Fuerte lección para nosotros, que estamos viendo en directo los estragos de una nueva pandemia, pero en una época en la que nuestros conocimientos en todas las áreas de la ciencia son infinitamente superiores a los medievales.

Por ello, una pandemia que para este momento ha provocado un poco más de 23 mil muertos es vista como una catástrofe, pero no se compara ni remotamente a la peste negra y sus alrededor de 37 millones de muertos. Y es obvio: nuestros recursos médicos son mejores, por eso no vamos a ver una catástrofe de esa magnitud.

Sin embargo, el mundo está en alerta máxima porque tampoco tendrían por qué morir 21 mil personas, y porque las afectaciones económicas van a ser terribles. El colapso obligado como precaución para evitar los contagios va a provocar daños económicos en muchos países, y mucha gente va a quedar sin trabajo.

Por ello la importancia de controlar lo mejor posible esta pandemia.

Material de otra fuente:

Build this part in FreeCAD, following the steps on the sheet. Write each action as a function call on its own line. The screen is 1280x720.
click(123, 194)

Y por ello, la urgencia de que cada uno de nosotros tome decisiones basadas en el conocimiento y la ciencia, no en la superstición o la ignorancia.

Esa es la máxima lección que nos ha dejado aquella catástrofe sanitaria del siglo XIV.

Cuídense. Y cuiden a sus gatos. A sus mascotas, en general. Bueno, a todo el mundo, por favor.